Under EU law, state financing for individual companies is heavily restricted. Tax arrangements, on the other hand, may not count. Yet the opening of an official investigation suggests Apple may have to endure an in-depth investigation. After all statements are collected, the Commission may turn to the EU to collect money if the decision is indeed that Apple took illegal grants of Irish state aid.

And the amounts of potential fines against the tech company could total billions of euros, assuming the benefits Apple received are found to be illegal. Preliminary findings from the European Commission’s investigation into Apple call what the company accepted from Ireland’s authorities illegal. And there’s history galore since Apple has operated in Ireland since 1980.

But there’s no state aid, claims Apple. It echoes what CEO Tim Cook said. In May 2013, the Senate Permanent Subcommittee on Investigations said Apple avoided $9 billion in U.S. taxes in 2012 alone via offshore units with no tax home. Apple’s CEO Tim Cook testified that Apple did nothing illegal. Still, shifting billions of dollars to international subsidiaries with no declared tax residency seemed hard to square with the “we pay all tax we owe” mantra of good citizenship.

Now, Apple may get to prove it all. The EU investigation will reach back to 1991, and that could hurt. Of course, Apple isn’t the only target. Brussels is also investigating similar deals between Starbucks and the Dutch government, and Fiat with Luxembourg.

For Apple, there’s no question Apple has scrimped on taxes and played a savvy game, perhaps the savviest of all time. The biggest question may simply be whether Apple negotiated special tax deal that other companies in Ireland do not. If it did–or is found to have done so by the European Commission–the bill could be big.

Authorities in Brussels have far-reaching powers to recover illegal support stretching back 10 years. Although the Commission has not yet reached it’s decision or made a precise calculation of improper support, it is expected to reach billions of euros. In effect, it could be payback for all the Irish taxpayers who got shorted for all those years.

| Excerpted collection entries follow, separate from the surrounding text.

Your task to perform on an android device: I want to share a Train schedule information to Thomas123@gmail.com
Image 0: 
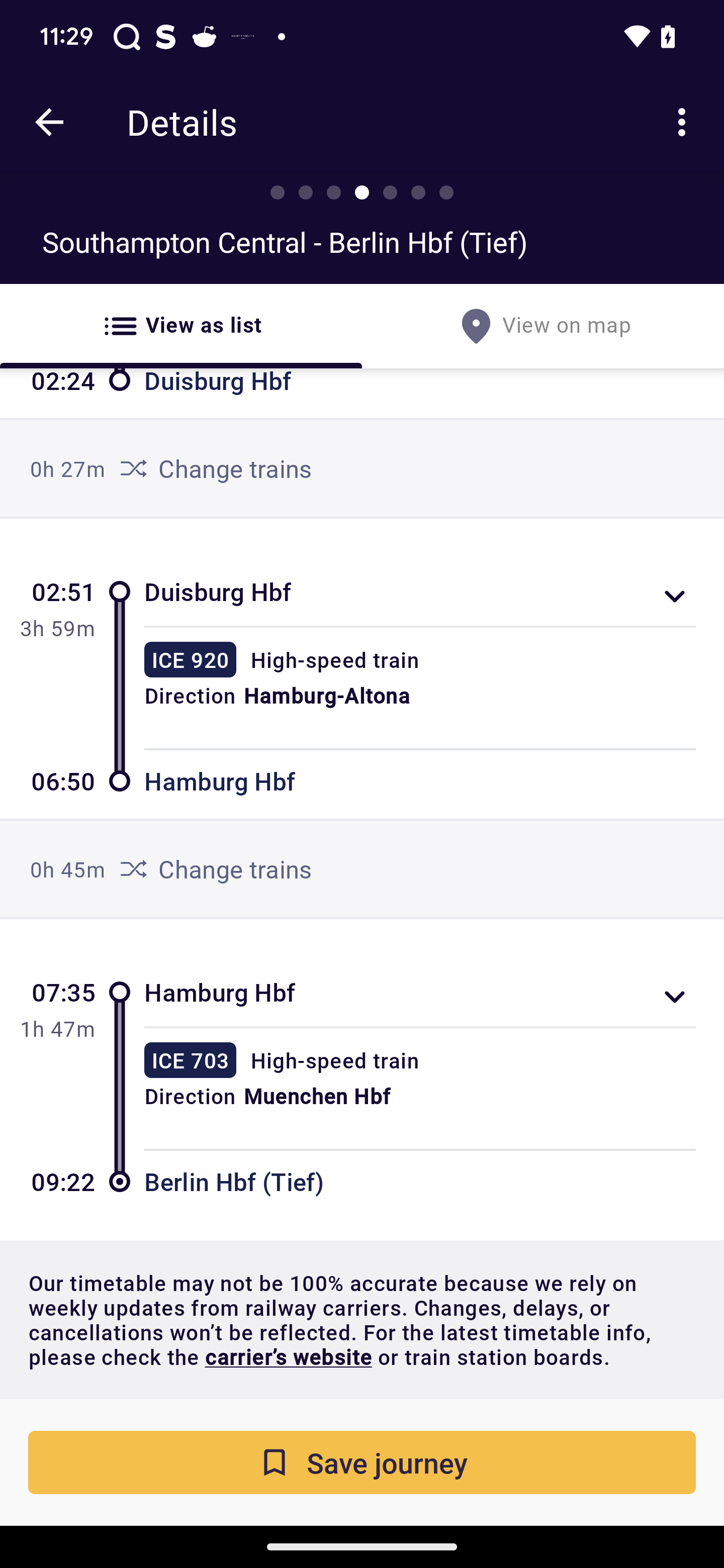
Click on the three dots at the top right corner of the screen
Step 0: click (681, 122)
Image 1: 
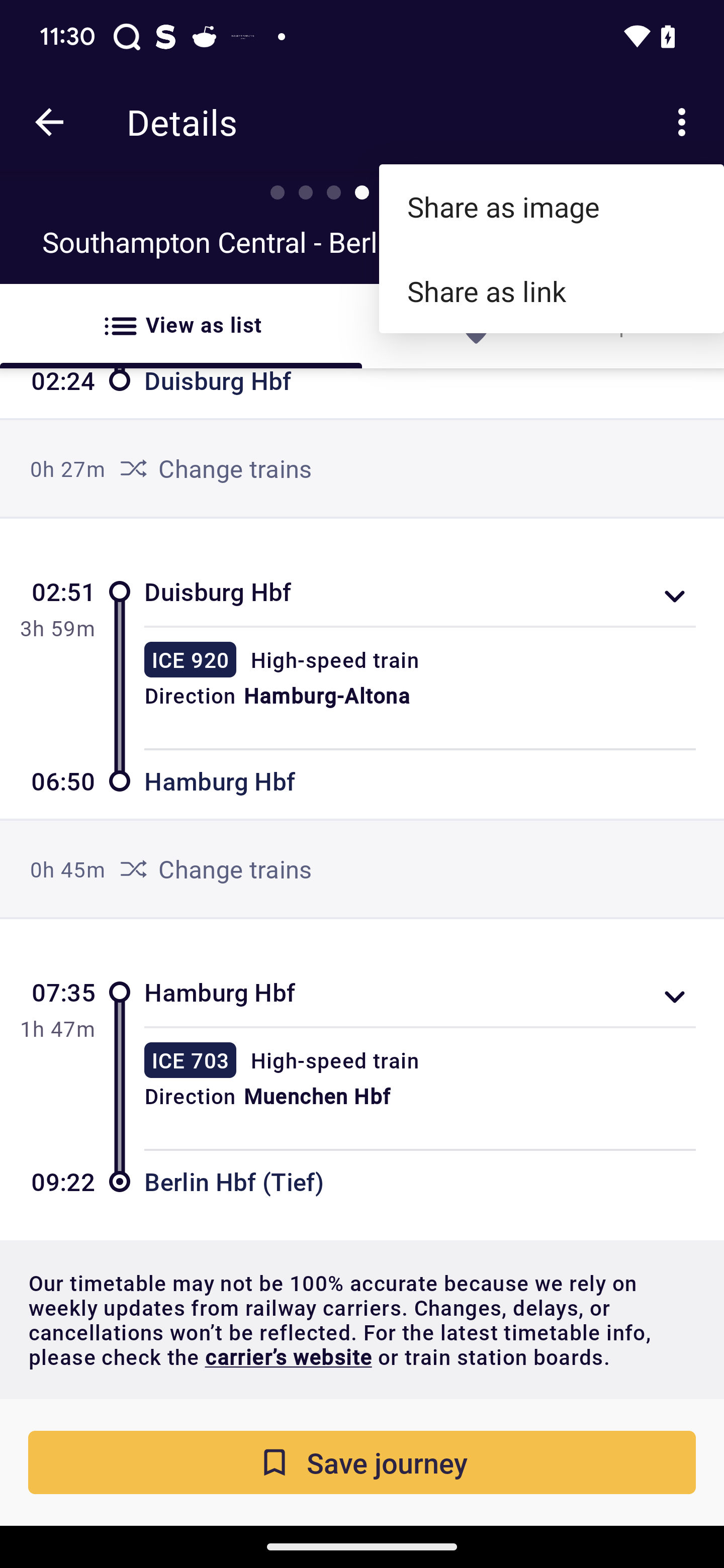
Click on the share as link
Step 1: click (552, 291)
Image 2: 
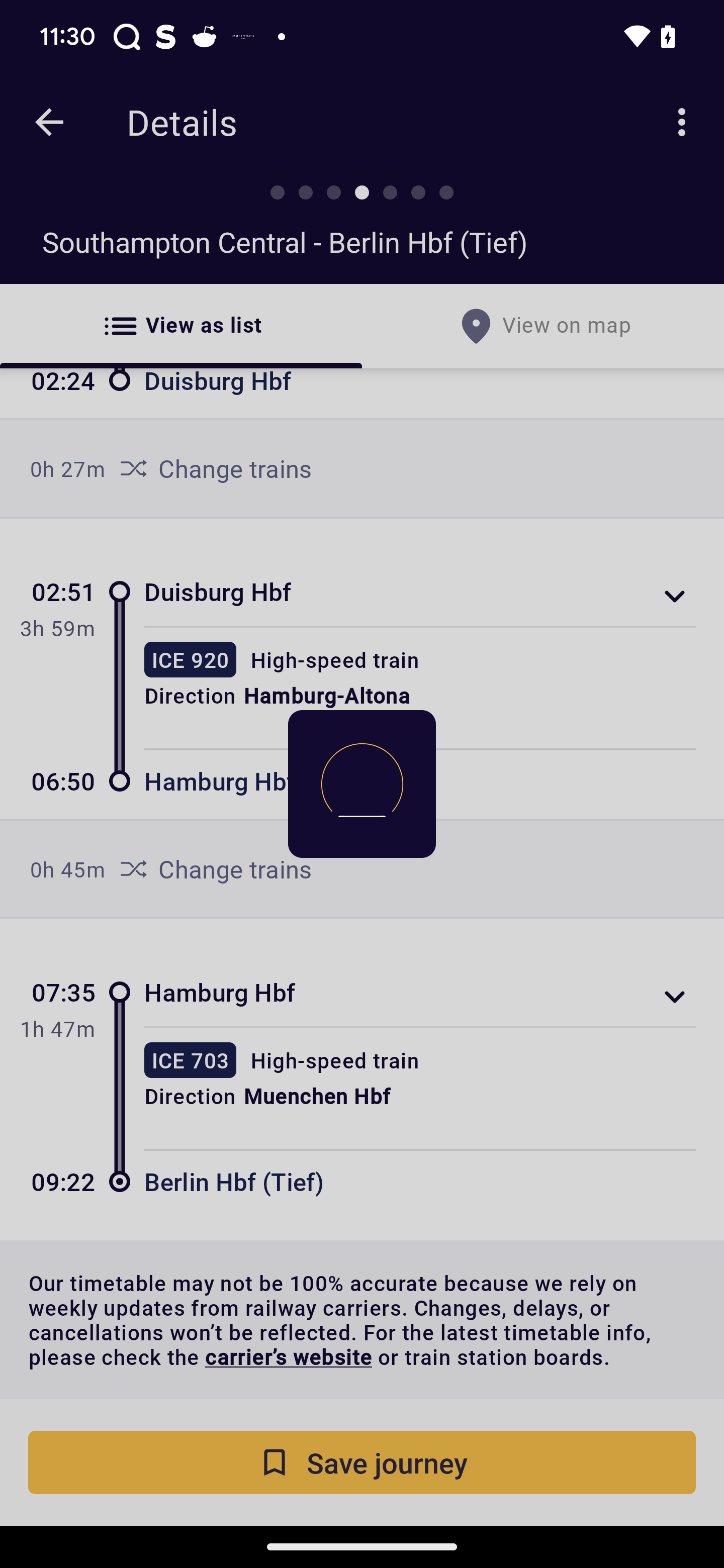
Click on the share as link
Step 2: wait
Image 3: 
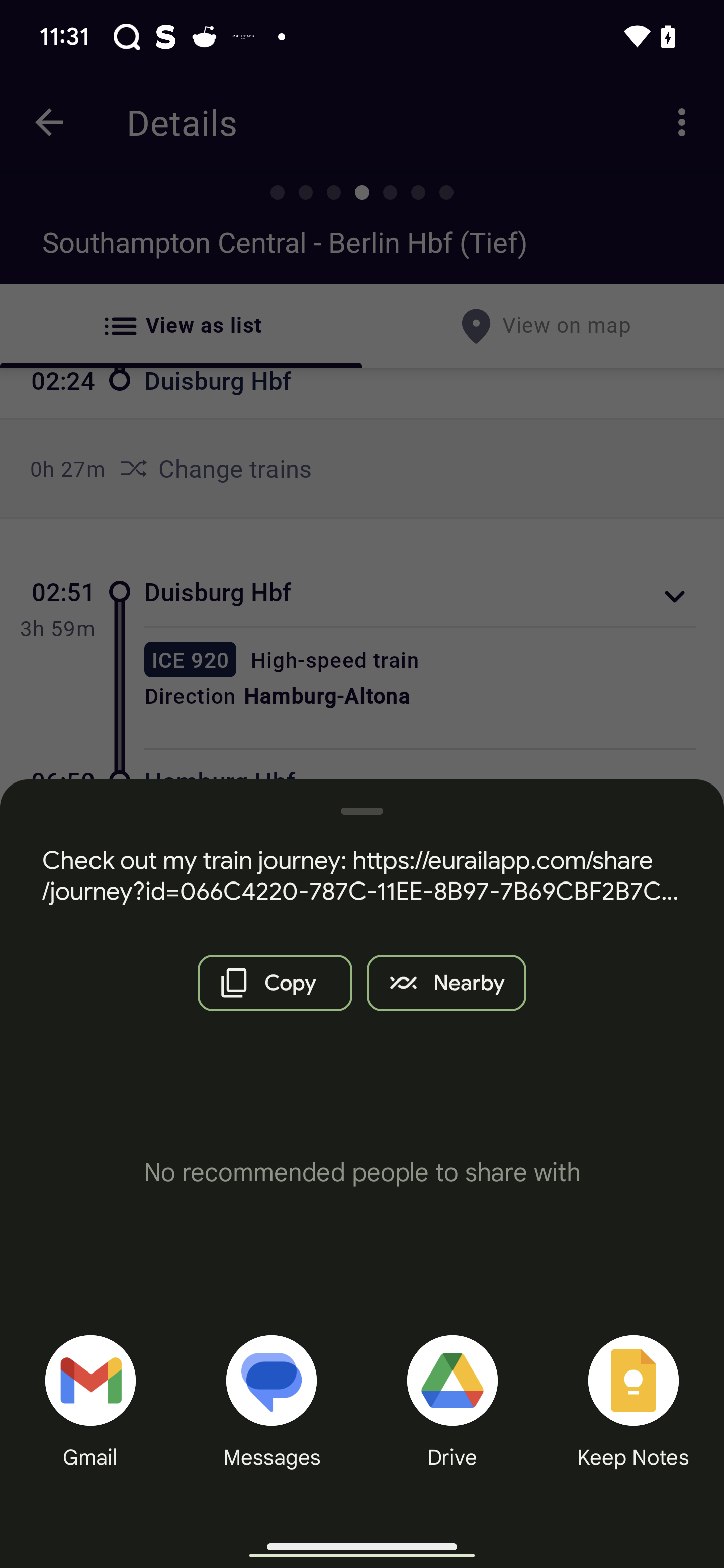
Click on the Gmail
Step 3: click (79, 1375)
Image 4: 
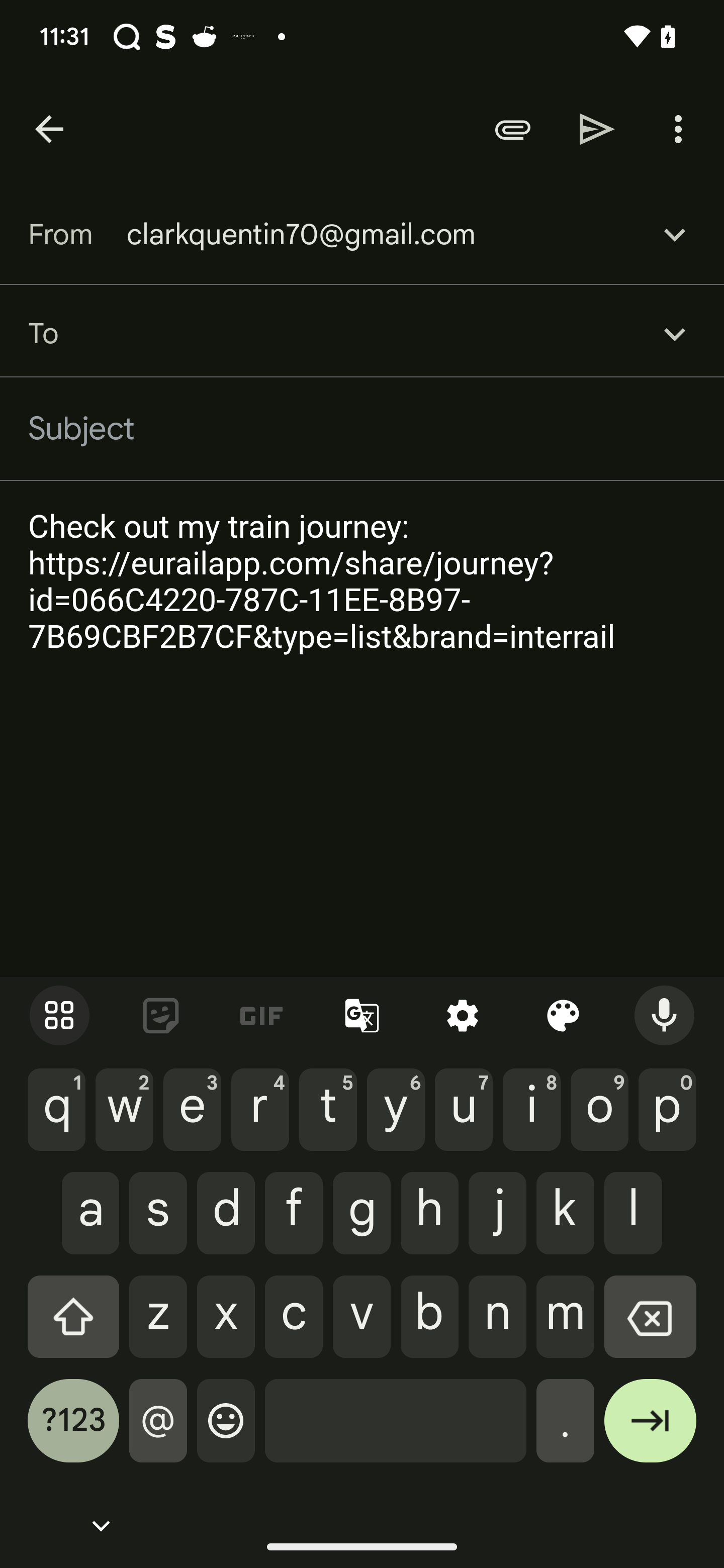
Type Thomas123@gmail.com in the recipient tab
Step 4: type "Thomas123@gmail.com"
Image 5: 
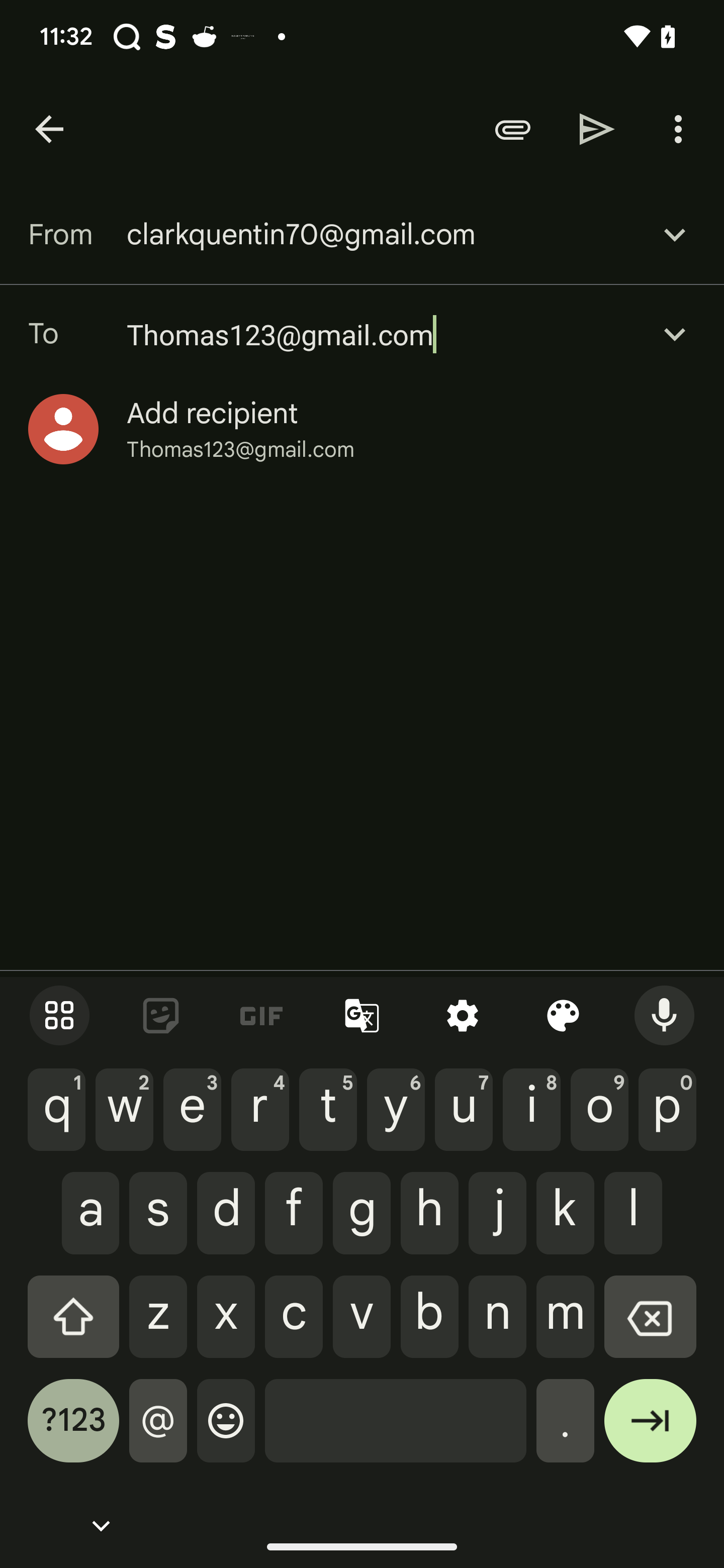
Click on the send icon
Step 5: click (597, 129)

Apple and the Irish tax authorities go way back, with the company opening there in 1980. After 11 years, when there was a change in the law, Apple struck a deal with Ireland. That 1991 agreement is said to be key. It may have had the force of law, but if it gave Apple special treatment, it could be illegal. Legal or not, the deal lasted until 2007 when another was struck.

For Apple and for others, this may be a bitter and disillusioning episode. And it isn’t likely to be quick.